Il faudra aussi que le monument respecte les règles du droit de propriété intellectuelle

Qu’est-ce qu’une stèle ?

La stèle est l’élément vertical situé à la tête du monument. Elle peut être personnalisée par une épitaphe, des motifs gravés, une photographie sur porcelaine, un emblème en bronze… C’est sur la stèle ou la pierre tombale que peuvent être indiqués les noms, prénom, les dates de naissance et de mort du défunt. Ils peuvent également figurer sur le soubassement.
Faisant partie intégrante du monument funéraire, la stèle peut avoir des formes et des dimensions très variées, des plus classiques aux plus originales.

Peut-on être inhumé sans caveau ?

Oui, l’inhumation en caveau n’est pas obligatoire, sauf si le règlement de cimetière l’impose dans certaines divisions. Il s’agit alors d’une inhumation en pleine terre : le cercueil du défunt est déposé dans une fosse creusée dans le sol, sans fondation ni infrastructure. Il est en contact direct avec la terre. La pose du monument s’effectue alors généralement directement sur le sol, avec une semelle pour seule maçonnerie.
Mais pour éviter l’affaissement d’un futur monument, la construction au préalable d’une fausse case en ciment est recommandée.

Combien y a-t-il de places dans un caveau ?

La taille habituelle d’un caveau est de 2 à 4 places. Un caveau peut accueillir jusqu’à 10 cercueils s’il a été conçu initialement pour cela.

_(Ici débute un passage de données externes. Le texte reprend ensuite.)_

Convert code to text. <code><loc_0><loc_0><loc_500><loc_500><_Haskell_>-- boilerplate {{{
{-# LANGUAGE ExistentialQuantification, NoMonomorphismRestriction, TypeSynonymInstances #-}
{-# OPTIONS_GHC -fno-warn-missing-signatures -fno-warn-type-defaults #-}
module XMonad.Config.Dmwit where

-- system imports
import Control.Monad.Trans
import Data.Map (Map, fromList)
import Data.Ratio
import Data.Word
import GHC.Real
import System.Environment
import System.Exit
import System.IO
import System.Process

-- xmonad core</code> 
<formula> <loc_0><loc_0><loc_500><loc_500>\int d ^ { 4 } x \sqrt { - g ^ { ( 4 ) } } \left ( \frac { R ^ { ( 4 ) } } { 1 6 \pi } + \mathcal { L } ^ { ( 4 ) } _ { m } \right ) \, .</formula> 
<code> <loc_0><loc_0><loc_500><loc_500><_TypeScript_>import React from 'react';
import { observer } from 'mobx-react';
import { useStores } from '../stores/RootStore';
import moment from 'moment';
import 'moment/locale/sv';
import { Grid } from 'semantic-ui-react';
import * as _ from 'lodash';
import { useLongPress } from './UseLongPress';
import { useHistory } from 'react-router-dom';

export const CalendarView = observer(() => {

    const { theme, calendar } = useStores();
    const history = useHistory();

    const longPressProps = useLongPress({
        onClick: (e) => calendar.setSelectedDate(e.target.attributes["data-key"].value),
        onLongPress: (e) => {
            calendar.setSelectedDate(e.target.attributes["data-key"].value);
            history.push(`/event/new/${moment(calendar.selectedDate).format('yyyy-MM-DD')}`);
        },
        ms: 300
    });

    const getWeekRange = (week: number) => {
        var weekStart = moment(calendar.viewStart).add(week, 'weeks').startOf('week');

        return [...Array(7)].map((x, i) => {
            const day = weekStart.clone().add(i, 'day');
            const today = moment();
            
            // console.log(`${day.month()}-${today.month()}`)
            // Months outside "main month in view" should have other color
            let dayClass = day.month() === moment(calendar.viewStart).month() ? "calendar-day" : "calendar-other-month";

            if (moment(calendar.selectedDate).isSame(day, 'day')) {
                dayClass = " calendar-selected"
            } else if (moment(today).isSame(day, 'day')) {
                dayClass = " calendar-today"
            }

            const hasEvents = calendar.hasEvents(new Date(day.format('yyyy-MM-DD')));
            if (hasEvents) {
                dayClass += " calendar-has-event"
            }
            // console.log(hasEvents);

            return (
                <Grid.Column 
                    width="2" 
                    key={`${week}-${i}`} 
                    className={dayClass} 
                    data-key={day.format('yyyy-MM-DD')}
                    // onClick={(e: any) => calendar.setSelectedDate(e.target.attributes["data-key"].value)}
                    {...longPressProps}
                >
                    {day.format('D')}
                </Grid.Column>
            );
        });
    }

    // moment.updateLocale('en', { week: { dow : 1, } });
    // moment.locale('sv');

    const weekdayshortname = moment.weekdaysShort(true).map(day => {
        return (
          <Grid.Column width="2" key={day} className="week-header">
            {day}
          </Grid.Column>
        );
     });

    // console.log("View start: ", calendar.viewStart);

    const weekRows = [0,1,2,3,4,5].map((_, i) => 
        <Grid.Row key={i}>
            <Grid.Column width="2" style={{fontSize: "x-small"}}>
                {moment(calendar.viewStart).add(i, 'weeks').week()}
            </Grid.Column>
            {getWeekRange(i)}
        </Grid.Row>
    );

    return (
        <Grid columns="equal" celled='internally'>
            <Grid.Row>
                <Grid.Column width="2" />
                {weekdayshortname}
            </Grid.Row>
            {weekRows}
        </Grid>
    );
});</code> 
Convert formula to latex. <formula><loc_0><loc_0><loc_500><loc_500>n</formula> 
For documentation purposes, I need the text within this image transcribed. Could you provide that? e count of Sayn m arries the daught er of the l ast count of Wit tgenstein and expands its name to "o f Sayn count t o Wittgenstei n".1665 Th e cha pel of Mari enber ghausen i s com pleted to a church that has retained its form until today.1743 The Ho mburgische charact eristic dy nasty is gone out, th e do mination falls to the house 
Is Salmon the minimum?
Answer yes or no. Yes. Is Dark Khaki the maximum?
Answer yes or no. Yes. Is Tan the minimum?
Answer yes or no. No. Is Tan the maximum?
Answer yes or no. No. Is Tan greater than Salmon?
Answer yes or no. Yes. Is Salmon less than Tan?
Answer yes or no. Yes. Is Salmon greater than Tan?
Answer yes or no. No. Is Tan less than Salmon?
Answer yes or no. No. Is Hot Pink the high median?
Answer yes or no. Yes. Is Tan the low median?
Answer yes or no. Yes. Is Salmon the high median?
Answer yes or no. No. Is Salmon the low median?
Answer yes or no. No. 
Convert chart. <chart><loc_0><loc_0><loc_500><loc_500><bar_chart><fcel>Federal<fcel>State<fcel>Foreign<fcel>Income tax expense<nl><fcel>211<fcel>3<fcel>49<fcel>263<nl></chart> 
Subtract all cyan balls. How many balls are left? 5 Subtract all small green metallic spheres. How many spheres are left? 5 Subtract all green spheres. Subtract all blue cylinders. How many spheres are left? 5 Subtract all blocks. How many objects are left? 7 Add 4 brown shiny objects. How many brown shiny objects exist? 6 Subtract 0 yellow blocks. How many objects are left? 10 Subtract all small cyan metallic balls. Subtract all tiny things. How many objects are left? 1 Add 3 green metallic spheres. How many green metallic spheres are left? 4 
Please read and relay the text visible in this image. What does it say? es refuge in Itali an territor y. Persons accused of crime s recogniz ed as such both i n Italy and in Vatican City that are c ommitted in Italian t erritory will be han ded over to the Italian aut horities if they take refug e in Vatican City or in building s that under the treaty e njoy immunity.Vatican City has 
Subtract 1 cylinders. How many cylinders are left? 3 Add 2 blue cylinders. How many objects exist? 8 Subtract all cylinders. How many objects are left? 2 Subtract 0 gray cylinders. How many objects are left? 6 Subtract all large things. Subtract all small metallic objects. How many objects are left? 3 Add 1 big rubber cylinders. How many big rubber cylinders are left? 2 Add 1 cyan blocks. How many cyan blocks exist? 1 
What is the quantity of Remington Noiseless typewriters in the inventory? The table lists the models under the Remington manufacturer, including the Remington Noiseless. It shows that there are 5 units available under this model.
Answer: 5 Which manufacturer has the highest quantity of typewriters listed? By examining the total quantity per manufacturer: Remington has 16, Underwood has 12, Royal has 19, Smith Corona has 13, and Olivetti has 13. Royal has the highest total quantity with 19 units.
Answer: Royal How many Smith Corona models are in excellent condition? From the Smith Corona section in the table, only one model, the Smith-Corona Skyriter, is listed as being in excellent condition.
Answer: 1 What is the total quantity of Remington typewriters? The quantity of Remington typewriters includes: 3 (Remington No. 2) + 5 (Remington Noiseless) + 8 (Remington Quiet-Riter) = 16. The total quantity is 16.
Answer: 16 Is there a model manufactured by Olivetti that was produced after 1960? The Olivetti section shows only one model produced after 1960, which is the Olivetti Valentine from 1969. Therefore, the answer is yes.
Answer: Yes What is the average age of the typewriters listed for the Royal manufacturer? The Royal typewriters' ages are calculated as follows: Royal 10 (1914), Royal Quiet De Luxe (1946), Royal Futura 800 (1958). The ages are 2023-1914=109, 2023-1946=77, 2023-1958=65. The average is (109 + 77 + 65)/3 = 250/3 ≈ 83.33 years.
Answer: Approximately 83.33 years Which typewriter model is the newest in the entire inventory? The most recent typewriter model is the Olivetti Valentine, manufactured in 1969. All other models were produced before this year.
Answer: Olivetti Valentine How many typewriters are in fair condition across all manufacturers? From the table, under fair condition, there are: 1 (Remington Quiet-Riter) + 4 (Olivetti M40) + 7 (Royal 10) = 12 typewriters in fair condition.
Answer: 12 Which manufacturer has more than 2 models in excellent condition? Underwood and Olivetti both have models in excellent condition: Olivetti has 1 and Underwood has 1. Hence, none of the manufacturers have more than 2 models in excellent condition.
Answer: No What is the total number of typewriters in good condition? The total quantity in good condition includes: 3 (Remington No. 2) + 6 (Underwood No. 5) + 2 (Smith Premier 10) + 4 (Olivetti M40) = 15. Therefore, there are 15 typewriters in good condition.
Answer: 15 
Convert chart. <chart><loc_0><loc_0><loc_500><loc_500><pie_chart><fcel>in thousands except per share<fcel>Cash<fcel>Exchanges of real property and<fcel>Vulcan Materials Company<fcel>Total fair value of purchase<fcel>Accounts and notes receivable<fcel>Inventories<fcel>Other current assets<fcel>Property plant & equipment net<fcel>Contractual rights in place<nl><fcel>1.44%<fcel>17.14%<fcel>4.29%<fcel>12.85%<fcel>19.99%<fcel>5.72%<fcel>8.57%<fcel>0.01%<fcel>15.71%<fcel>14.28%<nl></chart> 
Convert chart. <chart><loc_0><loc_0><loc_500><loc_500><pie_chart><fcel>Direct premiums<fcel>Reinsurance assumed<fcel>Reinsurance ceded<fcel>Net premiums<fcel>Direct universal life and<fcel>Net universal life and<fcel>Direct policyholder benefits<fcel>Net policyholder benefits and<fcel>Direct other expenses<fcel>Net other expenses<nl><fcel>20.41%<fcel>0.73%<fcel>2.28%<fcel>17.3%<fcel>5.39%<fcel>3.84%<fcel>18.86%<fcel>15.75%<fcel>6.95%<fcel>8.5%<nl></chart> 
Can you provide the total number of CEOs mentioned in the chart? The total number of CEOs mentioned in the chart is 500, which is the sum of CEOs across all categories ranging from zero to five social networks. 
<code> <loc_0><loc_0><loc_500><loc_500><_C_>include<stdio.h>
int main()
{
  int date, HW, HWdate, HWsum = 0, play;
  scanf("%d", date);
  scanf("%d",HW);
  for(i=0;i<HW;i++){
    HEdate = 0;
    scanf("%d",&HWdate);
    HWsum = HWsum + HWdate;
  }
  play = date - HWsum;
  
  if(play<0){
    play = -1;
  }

On distingue les caveaux à case simple (un cercueil par niveau) et les caveaux à case double qui permettent l’inhumation de deux cercueils au même niveau .

Quel est le rôle du fossoyeur ?

Le fossoyeur intervient au cimetière. Il assure les travaux de terrassement nécessaires à l'inhumation, et apporte son concours aux porteurs pour la descente du cercueil dans la sépulture.

Le marbrier procède à l'ouverture puis à la fermeture de la sépulture. Il assure également la pose des monuments neufs et des caveaux.

Professionnel qualifié, il contribue à l'expression digne de la mémoire.